# JHP rear spoiler



## Gotagoat (Jan 6, 2006)

Has anyone had experience with ordering and installing the JHP updated rear spoiler? They refer to it as the 'lip' spoiler and it fits the original holes.


----------



## jpalamar (Jul 22, 2008)

I hear JHP makes great stuff, I have the guages in my car, shipping is slow but but you will be happy with the results. I want to get the spoiler too but funds are low


----------



## Gotagoat (Jan 6, 2006)

Did you end up getting the spoiler?


----------



## Redboots (Sep 30, 2009)

I just ordered the JHP lip spoiler. They said it was available in California, but it actually came from Australia. It arrived in 7 days, perfect condition, and primered. Like any new fiberglass part, it will require some sanding to fill pin holes and nicks, re-priming and refinishing.
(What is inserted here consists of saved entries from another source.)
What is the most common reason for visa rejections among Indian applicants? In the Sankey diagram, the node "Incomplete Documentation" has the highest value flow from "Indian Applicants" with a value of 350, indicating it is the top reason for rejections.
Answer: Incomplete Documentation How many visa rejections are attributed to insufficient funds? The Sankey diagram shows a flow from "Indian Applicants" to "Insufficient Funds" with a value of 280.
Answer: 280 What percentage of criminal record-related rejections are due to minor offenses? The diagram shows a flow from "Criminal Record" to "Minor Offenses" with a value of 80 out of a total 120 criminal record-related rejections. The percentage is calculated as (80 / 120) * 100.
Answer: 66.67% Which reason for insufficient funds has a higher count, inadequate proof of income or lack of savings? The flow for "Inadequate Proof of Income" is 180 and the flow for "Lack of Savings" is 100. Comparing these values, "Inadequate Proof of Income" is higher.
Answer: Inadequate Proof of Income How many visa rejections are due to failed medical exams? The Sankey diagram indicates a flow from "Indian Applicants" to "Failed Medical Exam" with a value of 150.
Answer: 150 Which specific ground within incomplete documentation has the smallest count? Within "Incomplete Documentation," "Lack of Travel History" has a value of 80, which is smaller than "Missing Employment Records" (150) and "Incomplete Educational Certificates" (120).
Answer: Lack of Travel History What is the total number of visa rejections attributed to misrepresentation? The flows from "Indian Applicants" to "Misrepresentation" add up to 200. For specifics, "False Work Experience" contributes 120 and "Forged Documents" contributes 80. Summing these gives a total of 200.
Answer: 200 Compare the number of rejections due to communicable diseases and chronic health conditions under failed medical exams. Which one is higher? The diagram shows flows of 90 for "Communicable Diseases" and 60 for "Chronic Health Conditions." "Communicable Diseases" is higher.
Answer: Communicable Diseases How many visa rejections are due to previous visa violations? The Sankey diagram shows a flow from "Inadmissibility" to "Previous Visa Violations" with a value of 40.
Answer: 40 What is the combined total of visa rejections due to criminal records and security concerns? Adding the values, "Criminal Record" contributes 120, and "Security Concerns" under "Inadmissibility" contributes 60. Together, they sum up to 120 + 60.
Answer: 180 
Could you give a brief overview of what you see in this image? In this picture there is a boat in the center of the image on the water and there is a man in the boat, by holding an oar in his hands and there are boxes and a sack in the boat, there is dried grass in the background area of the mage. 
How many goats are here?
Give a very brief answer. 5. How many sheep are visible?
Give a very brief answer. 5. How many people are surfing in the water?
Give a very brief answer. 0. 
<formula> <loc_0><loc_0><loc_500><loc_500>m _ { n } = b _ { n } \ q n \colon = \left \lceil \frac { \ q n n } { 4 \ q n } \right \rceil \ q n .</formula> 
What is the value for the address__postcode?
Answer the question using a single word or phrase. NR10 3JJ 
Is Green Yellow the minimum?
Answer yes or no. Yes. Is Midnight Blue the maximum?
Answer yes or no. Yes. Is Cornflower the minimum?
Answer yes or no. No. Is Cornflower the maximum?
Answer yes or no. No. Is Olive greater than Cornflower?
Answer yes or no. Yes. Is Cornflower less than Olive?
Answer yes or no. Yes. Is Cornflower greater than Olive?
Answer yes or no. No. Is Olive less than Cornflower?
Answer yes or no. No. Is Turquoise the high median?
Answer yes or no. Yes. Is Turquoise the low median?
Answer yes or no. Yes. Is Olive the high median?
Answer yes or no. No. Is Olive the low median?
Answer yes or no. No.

I'll post some picts as soon as I get it installed. Personal opinion, but I like it alot better than the Revenge style.


----------



## Lukemo2 (Apr 13, 2010)

*JHP Lip Spoiler*

Redboots - I am desperate to get one of these lip spoilers for my '04 GTO. Can you give me the link to the site you ordered it from??

Luke


----------



## jpalamar (Jul 22, 2008)

If you google "JHP Lip Spoiler" your first result is JHP Vehicle Enhancements - Specialise in Holden Monaro and Commodore Spoilers, Body Kits, Tyre and Wheel Packages.


----------



## Lukemo2 (Apr 13, 2010)

Thanks a lot. I tried was on their website before but for some reason I couldn't find what I was looking for. But I found it this time.


----------